25の前奏曲César Cui – 25 Preludes for Piano Op.64

キュイはピアノ曲も多く作曲しています。そのなかでも「25の前奏曲」は有名で、現在でも稀に演奏されるようです。1903年に作曲したこの前奏曲集はロシアの国民音楽的要素よりもどちらかという「ロマン派的」作品が多いのが印象的です。
これはショパンやシューマン、ベルリオーズ、リストなどを好んだキュイの特徴かもしれません。サロンなどで流れてきそうな優雅な前奏曲集です。
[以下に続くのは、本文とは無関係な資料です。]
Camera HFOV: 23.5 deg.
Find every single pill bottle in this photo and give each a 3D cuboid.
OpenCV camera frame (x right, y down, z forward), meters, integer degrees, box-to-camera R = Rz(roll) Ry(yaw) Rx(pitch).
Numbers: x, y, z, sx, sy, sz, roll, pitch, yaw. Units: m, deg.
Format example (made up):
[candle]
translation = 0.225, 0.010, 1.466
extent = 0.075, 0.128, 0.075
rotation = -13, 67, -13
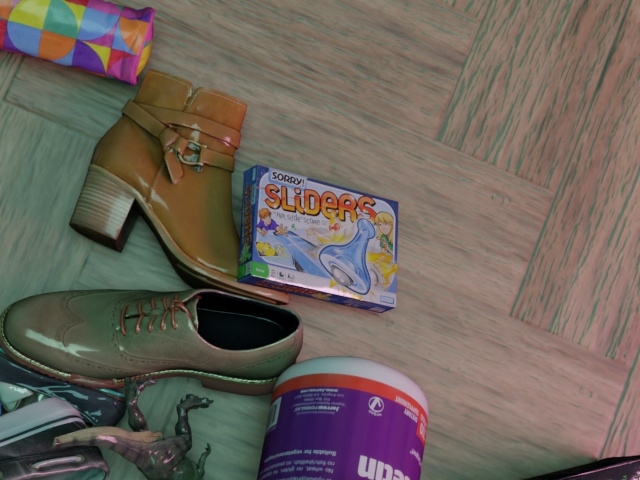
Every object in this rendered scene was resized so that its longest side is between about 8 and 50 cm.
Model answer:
[pill bottle]
translation = 0.014, 0.301, 1.690
extent = 0.181, 0.181, 0.323
rotation = 13, 59, -6

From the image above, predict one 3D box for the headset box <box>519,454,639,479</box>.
[headset box]
translation = 0.283, 0.388, 1.760
extent = 0.283, 0.131, 0.246
rotation = -10, 83, -23

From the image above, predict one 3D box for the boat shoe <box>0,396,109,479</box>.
[boat shoe]
translation = -0.369, 0.275, 1.609
extent = 0.335, 0.121, 0.119
rotation = -29, 56, -33

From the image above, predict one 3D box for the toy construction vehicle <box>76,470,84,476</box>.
[toy construction vehicle]
translation = -0.295, 0.292, 1.744
extent = 0.035, 0.086, 0.098
rotation = 24, 80, 2

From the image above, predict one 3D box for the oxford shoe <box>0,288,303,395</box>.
[oxford shoe]
translation = -0.188, 0.092, 1.746
extent = 0.348, 0.130, 0.123
rotation = 3, 58, -13

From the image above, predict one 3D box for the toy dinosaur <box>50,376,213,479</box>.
[toy dinosaur]
translation = -0.182, 0.219, 1.711
extent = 0.268, 0.064, 0.118
rotation = 35, 57, -43

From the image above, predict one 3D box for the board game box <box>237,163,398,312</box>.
[board game box]
translation = 0.000, 0.000, 1.800
extent = 0.201, 0.035, 0.136
rotation = 13, 69, -31

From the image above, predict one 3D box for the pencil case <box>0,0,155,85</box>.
[pencil case]
translation = -0.314, -0.259, 1.814
extent = 0.236, 0.104, 0.104
rotation = 18, 80, -5

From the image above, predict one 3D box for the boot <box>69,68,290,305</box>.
[boot]
translation = -0.131, -0.060, 1.818
extent = 0.283, 0.109, 0.220
rotation = 24, 76, 3

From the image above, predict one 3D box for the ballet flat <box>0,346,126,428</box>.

カフカスの捕虜(ほりょ)Михаил Александрович Кавказский пленник Cesar Cui

1883年にマリインスキー劇場で初演された全3幕からなるオペラです。「カフカス」とは「コーカサス地方」のことを指します。ロシアの文豪プーシキンの同名の詩を基に作曲され、ヴィクトル・アレクサンドロヴィチ・クルイロフという人物が台本を担当しました。
キュイの長編オペラで最も上演回数が多い作品であり、ロシアを超えてベルギーのリエージュでも上演されました。

この作品は「ロシアの5人組」の作品のなかでも、初めて西側諸国で上演されたオペラであり、彼らにとって記念碑的作品とされています。現在では演奏機会がないものの、キュイの国民音楽を代表する作品の1つとされています。

まとめ

キュイのおすすめ作品を紹介しました。「長靴を履いた猫」や「赤ずきん」などの児童向け
オペラを作曲したのはちょっと驚いたのではないでしょうか。残念ながら作曲の経緯まではわかりませんでしたが、キュイは意外と子供好きだったのかもしれません。作品からは辛辣な一面というよりも、繊細で線の細い、心の優しさが伝わるようです。マニアックな作曲家ではありますが、これを機会にぜひ聞いてみてはいかがでしょうか。